◆ **PROBLEM DETAILS**: Give the number of lines below that hold "Work", and only that.

◆ **RECORDS FOR THIS TASK**:
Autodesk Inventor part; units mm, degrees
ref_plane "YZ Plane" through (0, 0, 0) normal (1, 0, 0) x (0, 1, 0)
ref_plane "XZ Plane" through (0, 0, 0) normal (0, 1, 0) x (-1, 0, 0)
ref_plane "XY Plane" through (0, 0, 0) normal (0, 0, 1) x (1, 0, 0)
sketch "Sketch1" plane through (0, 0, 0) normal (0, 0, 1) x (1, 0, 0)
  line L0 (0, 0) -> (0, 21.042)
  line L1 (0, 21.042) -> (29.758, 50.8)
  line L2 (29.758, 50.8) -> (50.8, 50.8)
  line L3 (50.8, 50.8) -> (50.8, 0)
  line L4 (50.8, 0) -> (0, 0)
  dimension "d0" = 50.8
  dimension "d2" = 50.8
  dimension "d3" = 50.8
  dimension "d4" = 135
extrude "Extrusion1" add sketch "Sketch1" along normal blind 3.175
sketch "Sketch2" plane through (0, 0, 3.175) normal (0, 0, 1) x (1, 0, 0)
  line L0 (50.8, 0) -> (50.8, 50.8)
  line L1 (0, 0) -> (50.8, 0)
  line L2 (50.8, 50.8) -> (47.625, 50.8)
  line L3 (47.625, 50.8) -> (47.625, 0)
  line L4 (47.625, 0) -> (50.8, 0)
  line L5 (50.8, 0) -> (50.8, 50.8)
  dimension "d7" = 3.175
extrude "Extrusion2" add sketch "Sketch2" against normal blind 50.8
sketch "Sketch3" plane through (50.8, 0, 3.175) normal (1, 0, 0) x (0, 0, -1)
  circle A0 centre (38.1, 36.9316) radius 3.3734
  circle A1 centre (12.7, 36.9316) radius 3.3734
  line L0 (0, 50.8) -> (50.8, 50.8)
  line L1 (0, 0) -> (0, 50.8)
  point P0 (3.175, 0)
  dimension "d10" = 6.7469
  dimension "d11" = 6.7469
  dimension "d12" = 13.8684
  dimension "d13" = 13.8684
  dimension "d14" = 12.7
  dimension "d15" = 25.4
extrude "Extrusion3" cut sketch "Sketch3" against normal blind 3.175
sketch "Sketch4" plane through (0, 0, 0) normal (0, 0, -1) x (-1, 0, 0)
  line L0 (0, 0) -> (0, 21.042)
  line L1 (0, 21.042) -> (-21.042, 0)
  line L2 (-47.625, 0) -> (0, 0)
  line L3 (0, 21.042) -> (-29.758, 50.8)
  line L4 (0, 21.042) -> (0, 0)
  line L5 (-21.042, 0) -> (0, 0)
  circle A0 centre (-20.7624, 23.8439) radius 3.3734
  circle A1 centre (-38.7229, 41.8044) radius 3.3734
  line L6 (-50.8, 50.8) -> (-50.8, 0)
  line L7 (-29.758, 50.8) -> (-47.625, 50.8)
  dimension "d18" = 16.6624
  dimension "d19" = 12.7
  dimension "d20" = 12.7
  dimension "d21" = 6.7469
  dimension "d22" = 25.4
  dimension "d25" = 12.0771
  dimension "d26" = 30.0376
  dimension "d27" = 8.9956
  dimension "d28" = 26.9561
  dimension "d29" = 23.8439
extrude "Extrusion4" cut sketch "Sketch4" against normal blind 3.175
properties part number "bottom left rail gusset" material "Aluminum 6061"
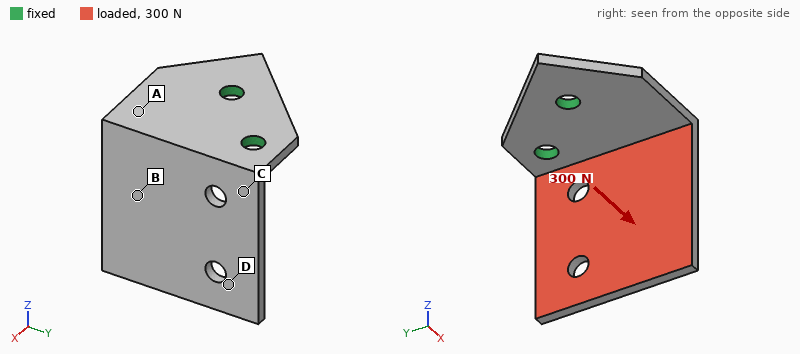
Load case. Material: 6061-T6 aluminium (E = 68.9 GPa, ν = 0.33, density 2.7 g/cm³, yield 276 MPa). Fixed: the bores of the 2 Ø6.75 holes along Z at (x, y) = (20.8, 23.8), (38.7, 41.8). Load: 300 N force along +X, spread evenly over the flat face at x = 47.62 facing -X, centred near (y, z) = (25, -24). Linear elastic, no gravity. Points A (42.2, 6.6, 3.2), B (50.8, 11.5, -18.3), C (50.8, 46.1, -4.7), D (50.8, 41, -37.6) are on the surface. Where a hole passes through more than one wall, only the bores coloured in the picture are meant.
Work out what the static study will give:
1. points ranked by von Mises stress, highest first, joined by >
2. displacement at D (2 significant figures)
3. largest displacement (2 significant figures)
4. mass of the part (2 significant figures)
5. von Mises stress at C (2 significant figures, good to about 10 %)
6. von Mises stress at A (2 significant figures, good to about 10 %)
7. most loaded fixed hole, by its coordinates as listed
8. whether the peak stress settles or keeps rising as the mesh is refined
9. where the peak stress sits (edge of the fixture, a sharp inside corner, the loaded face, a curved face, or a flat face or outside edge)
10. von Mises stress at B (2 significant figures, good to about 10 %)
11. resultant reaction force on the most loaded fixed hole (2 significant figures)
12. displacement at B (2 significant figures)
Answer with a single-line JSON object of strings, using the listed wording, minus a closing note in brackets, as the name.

{"points ranked by von Mises stress, highest first, joined by >": "C > A > B > D", "displacement at D": "0.71 mm", "largest displacement": "1.0 mm", "mass of the part": "36 g", "von Mises stress at C": "81 MPa", "von Mises stress at A": "58 MPa", "most loaded fixed hole, by its coordinates as listed": "(20.8, 23.8)", "whether the peak stress settles or keeps rising as the mesh is refined": "keeps rising", "where the peak stress sits": "edge of the fixture", "von Mises stress at B": "28 MPa", "resultant reaction force on the most loaded fixed hole": "260 N", "displacement at B": "0.36 mm"}
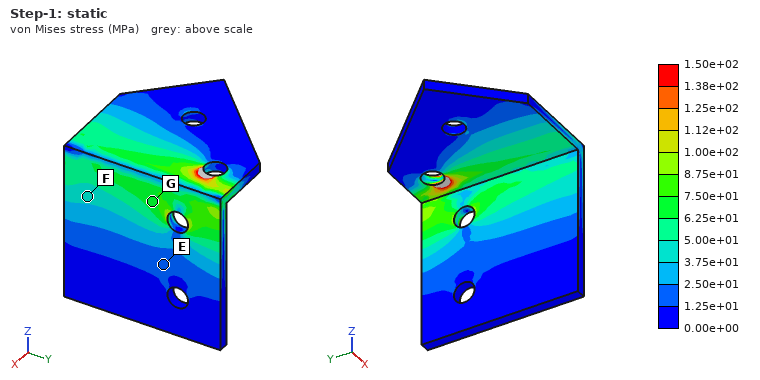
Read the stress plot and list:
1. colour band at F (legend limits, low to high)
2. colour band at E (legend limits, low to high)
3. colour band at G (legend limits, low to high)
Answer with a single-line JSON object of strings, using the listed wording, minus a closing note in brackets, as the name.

{"colour band at F": "3.75e+01 to 5.00e+01 MPa", "colour band at E": "1.25e+01 to 2.50e+01 MPa", "colour band at G": "6.25e+01 to 7.50e+01 MPa"}
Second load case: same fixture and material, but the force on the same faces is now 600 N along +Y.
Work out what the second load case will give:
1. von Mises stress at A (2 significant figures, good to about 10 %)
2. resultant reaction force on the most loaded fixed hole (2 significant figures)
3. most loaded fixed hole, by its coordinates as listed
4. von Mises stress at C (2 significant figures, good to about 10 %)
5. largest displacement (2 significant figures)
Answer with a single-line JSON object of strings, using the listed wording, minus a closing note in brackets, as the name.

{"von Mises stress at A": "24 MPa", "resultant reaction force on the most loaded fixed hole": "640 N", "most loaded fixed hole, by its coordinates as listed": "(38.7, 41.8)", "von Mises stress at C": "41 MPa", "largest displacement": "0.71 mm"}
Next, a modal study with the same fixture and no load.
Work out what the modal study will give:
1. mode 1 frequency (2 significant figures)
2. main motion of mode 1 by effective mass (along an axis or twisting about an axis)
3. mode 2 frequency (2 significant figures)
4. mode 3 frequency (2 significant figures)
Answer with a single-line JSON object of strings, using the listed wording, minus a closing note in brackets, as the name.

{"mode 1 frequency": "750 Hz", "main motion of mode 1 by effective mass": "along X", "mode 2 frequency": "1400 Hz", "mode 3 frequency": "2300 Hz"}

◆ **ANSWER BELOW**: 3